Activity:
Among the entries, find each line that includes the string "ezdxf" and list it.

Stored data:
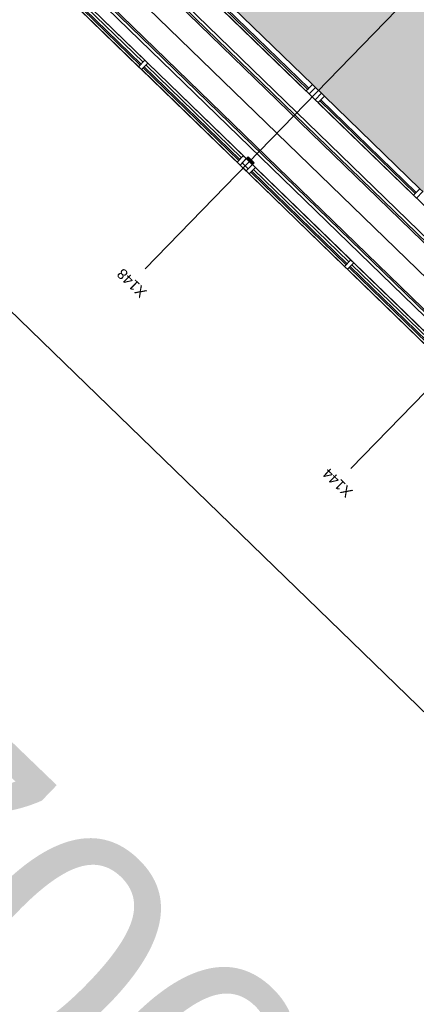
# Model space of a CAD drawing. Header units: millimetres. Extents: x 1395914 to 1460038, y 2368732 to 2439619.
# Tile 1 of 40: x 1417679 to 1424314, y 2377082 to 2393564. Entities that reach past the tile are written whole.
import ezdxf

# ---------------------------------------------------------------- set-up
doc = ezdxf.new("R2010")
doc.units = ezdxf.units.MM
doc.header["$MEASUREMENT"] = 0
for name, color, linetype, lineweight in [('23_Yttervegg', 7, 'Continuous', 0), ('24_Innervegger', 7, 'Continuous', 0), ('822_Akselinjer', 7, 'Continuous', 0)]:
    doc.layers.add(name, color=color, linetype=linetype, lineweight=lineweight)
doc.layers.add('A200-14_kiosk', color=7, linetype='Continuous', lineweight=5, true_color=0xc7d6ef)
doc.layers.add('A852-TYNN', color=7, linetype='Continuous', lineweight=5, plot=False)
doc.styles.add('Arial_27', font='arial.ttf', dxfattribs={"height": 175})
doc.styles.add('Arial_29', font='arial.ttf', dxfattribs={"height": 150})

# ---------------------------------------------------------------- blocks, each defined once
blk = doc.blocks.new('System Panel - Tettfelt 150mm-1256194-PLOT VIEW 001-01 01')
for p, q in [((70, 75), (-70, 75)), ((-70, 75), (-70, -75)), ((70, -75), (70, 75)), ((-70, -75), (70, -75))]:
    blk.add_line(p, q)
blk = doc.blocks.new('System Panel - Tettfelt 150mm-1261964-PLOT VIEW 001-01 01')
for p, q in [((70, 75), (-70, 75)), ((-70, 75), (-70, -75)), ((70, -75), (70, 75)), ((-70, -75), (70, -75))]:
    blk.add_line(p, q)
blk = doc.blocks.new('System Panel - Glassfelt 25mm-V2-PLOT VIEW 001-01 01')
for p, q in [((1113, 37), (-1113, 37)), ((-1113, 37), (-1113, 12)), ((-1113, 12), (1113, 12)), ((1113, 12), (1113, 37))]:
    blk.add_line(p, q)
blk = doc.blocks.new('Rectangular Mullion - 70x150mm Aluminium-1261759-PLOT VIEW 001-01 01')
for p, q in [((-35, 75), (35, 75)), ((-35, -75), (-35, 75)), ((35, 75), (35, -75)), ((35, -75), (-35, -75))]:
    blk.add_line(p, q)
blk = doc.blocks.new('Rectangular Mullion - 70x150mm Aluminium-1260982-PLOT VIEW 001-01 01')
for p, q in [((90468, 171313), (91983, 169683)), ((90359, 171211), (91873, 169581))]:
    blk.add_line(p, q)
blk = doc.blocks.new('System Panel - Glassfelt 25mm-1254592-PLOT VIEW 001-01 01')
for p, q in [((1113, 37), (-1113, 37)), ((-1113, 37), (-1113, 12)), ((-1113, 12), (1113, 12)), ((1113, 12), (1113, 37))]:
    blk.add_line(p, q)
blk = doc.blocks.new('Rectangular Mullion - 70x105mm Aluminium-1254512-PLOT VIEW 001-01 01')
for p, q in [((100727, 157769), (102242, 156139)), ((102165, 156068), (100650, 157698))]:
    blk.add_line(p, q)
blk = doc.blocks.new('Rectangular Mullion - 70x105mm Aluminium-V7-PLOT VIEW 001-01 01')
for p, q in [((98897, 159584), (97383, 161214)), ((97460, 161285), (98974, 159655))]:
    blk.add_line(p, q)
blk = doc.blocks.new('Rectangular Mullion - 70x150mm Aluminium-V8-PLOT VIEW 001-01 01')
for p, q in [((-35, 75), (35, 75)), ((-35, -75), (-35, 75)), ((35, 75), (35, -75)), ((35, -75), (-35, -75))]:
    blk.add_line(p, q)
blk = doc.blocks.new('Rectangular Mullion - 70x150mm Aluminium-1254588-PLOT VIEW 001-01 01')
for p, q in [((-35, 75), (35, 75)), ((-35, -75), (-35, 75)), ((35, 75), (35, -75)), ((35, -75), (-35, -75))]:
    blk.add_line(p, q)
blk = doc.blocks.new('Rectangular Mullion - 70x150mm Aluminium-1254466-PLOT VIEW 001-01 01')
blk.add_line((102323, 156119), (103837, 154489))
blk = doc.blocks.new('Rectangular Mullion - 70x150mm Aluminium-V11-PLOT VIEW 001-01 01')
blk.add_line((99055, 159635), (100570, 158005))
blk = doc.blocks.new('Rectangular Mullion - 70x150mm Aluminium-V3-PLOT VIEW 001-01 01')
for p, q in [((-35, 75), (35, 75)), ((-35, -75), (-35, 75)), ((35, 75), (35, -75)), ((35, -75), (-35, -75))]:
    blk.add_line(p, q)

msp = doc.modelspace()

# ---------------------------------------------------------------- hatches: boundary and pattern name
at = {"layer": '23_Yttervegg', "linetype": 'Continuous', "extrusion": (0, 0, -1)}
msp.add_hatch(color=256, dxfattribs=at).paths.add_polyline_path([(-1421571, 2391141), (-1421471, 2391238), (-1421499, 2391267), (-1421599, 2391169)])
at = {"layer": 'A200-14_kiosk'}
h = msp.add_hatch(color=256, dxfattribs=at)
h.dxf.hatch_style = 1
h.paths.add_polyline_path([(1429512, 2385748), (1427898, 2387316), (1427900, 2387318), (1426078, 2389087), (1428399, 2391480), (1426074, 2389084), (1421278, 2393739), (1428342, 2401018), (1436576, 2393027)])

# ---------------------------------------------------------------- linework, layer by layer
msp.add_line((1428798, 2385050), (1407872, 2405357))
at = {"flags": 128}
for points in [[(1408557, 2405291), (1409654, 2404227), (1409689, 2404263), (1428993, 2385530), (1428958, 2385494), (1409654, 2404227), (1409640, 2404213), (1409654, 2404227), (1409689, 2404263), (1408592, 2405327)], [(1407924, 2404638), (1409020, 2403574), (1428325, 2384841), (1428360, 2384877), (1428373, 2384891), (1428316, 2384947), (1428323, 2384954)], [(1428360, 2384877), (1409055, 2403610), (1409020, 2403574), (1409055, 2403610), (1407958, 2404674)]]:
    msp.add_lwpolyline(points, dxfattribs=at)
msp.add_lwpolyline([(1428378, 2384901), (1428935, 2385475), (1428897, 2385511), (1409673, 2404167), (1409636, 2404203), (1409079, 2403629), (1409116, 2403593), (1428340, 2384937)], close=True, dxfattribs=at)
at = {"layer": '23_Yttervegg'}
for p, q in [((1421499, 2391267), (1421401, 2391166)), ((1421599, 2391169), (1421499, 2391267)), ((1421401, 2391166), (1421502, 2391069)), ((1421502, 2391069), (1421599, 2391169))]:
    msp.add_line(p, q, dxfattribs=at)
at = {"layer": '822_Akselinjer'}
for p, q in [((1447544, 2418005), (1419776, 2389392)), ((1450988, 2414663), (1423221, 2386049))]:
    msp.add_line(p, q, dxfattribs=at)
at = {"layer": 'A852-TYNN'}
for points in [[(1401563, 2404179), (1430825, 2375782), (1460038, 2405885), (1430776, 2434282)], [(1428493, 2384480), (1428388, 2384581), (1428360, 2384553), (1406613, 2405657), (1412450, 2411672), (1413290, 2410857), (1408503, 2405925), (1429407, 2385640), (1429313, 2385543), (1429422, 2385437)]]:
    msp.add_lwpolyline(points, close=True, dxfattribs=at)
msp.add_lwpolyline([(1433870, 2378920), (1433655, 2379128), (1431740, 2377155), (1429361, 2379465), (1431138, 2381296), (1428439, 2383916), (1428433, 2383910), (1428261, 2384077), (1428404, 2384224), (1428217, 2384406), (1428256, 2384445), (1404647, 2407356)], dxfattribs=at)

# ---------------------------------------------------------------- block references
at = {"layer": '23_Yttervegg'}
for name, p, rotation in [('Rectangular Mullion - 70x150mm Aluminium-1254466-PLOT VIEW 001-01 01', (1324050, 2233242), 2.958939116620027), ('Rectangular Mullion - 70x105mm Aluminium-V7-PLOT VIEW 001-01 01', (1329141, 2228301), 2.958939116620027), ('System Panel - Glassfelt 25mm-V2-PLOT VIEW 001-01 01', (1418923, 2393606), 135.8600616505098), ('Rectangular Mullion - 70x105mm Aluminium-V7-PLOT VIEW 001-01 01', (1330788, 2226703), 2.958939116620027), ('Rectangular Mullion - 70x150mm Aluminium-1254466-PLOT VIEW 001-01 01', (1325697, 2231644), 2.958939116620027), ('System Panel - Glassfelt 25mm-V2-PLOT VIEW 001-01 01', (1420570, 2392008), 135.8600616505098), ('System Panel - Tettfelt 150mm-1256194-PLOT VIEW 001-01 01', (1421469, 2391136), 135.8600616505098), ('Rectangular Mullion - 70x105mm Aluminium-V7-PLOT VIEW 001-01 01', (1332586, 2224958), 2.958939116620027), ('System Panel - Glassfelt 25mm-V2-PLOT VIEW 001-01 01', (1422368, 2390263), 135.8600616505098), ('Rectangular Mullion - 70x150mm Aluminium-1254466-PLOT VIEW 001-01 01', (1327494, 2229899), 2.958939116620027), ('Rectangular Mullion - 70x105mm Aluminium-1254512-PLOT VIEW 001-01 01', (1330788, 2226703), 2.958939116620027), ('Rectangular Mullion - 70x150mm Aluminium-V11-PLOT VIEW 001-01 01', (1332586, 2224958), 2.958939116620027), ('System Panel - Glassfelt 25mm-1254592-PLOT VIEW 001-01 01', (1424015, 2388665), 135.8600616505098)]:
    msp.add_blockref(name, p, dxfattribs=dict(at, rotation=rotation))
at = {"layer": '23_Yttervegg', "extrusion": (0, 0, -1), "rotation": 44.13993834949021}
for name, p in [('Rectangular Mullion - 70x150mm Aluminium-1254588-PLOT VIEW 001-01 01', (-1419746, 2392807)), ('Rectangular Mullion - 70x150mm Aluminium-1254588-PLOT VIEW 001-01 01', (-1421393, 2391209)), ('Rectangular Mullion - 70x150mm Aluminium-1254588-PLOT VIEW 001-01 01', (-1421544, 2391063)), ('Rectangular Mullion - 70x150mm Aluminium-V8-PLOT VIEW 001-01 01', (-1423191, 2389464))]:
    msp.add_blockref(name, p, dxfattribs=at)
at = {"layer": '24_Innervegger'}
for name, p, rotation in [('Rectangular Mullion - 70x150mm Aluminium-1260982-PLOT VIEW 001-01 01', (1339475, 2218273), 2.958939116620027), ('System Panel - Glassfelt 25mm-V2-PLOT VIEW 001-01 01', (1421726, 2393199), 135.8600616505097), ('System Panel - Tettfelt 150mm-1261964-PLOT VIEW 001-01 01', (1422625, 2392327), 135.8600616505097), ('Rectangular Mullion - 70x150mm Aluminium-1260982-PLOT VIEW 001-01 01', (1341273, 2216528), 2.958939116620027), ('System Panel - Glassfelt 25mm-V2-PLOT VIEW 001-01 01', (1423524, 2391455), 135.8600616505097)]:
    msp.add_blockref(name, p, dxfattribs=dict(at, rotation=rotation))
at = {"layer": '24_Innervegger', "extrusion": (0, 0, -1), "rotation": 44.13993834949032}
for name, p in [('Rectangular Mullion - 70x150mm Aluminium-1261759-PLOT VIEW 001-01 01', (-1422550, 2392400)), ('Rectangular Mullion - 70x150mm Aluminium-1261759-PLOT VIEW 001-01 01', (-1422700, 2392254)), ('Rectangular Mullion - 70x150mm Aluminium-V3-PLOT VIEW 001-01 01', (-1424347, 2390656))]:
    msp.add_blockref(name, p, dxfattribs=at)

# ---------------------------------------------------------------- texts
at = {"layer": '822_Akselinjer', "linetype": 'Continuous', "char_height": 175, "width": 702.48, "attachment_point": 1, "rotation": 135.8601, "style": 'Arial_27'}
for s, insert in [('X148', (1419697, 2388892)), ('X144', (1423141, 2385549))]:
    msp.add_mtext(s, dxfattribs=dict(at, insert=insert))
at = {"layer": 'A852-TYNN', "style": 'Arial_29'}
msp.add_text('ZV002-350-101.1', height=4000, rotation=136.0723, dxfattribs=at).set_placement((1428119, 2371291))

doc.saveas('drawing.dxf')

Exercise response:
import ezdxf
doc = ezdxf.new("R2010")
doc.units = ezdxf.units.MM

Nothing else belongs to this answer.